[Entries taken from a collection]
*** Block opens ***

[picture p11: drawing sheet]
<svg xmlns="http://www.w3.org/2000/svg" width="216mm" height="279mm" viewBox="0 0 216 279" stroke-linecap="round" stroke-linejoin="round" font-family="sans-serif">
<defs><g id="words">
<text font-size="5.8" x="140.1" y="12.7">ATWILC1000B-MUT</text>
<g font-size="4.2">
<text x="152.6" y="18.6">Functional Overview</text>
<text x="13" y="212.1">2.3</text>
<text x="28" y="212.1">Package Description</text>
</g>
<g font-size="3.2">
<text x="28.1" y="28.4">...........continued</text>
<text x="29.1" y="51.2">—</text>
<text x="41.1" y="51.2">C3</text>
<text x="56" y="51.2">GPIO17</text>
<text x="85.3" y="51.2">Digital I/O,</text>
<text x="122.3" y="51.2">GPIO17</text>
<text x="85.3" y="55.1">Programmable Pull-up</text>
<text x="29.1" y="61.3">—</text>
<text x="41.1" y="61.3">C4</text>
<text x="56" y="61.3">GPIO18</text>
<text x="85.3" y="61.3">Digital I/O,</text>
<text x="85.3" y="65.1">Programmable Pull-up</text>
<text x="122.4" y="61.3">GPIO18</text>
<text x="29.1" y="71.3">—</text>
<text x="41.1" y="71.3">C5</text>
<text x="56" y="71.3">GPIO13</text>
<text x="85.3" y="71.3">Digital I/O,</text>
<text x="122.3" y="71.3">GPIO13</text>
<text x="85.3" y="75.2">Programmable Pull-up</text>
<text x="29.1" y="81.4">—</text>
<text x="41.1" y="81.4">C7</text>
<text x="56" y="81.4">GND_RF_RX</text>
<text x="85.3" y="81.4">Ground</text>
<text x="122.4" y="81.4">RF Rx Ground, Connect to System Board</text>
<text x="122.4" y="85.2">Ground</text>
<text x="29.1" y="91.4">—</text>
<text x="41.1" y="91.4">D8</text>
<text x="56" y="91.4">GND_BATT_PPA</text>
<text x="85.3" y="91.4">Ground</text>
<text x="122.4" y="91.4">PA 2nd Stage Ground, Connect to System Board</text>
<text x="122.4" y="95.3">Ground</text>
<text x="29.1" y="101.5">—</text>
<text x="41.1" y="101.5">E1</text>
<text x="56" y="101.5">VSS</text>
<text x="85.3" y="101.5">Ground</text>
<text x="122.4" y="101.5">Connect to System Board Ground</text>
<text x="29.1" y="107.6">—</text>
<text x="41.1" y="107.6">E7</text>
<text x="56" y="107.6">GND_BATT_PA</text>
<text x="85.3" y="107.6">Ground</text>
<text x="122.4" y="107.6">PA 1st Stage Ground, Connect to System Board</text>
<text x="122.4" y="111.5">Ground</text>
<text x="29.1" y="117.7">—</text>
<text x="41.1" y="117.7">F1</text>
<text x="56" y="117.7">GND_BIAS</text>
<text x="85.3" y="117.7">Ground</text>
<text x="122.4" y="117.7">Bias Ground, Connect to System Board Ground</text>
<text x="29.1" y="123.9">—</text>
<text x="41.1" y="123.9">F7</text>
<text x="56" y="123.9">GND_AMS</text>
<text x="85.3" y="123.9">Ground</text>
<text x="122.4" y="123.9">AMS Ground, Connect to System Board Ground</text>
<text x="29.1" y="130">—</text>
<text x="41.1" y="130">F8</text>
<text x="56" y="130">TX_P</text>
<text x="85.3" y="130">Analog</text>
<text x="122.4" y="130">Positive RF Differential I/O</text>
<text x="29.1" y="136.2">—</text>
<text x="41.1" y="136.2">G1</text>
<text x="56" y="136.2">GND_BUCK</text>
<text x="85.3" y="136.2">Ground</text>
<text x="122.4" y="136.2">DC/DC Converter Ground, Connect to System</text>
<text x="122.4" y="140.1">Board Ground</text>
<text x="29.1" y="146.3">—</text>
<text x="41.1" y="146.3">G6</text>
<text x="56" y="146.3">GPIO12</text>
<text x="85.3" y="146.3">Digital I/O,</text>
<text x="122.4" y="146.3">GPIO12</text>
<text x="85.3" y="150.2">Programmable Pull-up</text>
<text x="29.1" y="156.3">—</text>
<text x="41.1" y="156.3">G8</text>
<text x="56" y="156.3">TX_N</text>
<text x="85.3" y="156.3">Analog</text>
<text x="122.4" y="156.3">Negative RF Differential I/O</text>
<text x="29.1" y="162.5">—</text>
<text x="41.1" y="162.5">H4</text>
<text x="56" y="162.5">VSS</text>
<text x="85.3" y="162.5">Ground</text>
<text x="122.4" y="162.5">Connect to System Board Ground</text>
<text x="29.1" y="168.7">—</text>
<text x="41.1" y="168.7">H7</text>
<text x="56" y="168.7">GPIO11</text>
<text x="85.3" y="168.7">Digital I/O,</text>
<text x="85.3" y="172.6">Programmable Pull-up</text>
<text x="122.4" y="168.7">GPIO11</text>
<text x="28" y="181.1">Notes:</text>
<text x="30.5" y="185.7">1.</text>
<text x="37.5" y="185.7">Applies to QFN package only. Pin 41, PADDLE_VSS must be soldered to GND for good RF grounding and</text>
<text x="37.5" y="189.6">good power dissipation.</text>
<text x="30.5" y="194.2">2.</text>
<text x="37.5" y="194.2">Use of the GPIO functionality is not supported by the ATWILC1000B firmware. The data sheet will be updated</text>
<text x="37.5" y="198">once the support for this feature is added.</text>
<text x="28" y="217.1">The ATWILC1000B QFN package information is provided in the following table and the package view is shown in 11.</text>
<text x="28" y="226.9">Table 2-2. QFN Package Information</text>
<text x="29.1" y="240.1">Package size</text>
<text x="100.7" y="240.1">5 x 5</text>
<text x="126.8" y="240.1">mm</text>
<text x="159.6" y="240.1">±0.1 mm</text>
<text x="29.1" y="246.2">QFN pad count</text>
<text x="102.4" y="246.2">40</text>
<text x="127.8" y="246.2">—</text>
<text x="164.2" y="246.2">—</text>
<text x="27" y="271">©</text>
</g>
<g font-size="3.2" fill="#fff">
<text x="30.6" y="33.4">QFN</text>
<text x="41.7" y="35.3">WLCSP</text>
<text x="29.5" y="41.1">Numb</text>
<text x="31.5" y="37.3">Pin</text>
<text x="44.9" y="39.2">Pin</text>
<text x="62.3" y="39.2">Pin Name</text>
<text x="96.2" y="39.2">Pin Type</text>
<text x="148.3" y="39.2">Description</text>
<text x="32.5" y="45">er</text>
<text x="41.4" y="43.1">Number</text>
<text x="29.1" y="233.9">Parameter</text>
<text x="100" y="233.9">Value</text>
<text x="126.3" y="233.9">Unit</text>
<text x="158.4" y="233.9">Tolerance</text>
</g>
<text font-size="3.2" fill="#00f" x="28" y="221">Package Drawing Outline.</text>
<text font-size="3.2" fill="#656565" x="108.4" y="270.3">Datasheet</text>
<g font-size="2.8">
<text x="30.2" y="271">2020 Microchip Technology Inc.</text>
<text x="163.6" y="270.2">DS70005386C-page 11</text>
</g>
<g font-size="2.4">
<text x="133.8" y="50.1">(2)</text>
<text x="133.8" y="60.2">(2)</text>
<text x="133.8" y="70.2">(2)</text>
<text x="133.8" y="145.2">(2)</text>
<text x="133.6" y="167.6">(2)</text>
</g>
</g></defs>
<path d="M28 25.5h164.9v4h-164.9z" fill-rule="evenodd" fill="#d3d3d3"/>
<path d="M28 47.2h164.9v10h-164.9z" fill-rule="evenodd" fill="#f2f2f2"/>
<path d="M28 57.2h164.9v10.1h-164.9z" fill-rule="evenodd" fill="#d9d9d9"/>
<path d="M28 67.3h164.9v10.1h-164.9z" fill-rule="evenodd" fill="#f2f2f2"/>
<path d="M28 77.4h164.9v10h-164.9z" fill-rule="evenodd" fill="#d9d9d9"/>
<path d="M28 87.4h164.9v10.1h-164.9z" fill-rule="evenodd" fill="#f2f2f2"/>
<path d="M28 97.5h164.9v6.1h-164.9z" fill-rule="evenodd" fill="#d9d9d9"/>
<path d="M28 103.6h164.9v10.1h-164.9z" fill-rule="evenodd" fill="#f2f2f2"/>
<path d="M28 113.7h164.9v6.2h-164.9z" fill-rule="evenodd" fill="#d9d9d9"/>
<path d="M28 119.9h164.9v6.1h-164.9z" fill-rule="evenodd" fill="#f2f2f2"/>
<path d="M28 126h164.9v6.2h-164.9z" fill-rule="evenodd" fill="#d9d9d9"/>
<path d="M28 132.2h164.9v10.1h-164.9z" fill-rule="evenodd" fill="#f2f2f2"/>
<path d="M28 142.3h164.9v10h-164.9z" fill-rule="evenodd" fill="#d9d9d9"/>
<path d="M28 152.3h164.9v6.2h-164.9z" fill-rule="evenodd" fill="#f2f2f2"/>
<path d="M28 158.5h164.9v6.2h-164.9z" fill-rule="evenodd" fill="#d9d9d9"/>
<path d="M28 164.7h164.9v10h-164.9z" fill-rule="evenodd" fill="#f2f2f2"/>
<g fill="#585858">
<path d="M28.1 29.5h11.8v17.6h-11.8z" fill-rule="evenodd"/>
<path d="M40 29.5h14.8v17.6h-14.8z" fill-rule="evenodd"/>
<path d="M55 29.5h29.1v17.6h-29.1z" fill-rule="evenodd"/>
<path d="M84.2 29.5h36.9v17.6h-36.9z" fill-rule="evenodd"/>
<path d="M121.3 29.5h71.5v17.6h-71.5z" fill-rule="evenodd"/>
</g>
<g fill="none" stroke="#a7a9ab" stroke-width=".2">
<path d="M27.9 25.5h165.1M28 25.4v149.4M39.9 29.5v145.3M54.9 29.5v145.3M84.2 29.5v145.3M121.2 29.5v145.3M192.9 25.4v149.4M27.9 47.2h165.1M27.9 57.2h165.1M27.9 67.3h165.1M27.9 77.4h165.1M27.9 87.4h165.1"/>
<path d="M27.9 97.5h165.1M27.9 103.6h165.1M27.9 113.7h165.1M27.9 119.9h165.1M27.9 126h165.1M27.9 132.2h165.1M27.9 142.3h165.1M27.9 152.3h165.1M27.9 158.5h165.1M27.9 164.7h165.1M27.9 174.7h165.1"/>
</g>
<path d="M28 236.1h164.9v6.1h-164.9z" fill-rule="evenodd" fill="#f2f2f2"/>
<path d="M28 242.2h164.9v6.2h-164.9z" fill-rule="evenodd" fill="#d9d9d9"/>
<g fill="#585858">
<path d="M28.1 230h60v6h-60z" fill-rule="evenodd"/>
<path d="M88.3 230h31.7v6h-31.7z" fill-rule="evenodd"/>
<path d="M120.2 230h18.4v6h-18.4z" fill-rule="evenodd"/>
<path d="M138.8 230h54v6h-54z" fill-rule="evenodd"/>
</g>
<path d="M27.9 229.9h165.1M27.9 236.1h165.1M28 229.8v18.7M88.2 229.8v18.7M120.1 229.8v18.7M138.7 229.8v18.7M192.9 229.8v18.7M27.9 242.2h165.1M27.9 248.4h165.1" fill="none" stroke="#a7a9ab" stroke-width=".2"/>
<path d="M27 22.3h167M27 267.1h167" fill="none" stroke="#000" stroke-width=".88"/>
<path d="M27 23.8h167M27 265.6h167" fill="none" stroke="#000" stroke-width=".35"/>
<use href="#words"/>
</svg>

*** Block closes ***

◆ **What you should do**: Where a line in the records above includes the string "width", show it.

◆ **Problem solution**:
<svg xmlns="http://www.w3.org/2000/svg" width="216mm" height="279mm" viewBox="0 0 216 279" stroke-linecap="round" stroke-linejoin="round" font-family="sans-serif">
<g fill="none" stroke="#a7a9ab" stroke-width=".2">
<path d="M27.9 229.9h165.1M27.9 236.1h165.1M28 229.8v18.7M88.2 229.8v18.7M120.1 229.8v18.7M138.7 229.8v18.7M192.9 229.8v18.7M27.9 242.2h165.1M27.9 248.4h165.1" fill="none" stroke="#a7a9ab" stroke-width=".2"/>
<path d="M27 22.3h167M27 267.1h167" fill="none" stroke="#000" stroke-width=".88"/>
<path d="M27 23.8h167M27 265.6h167" fill="none" stroke="#000" stroke-width=".35"/>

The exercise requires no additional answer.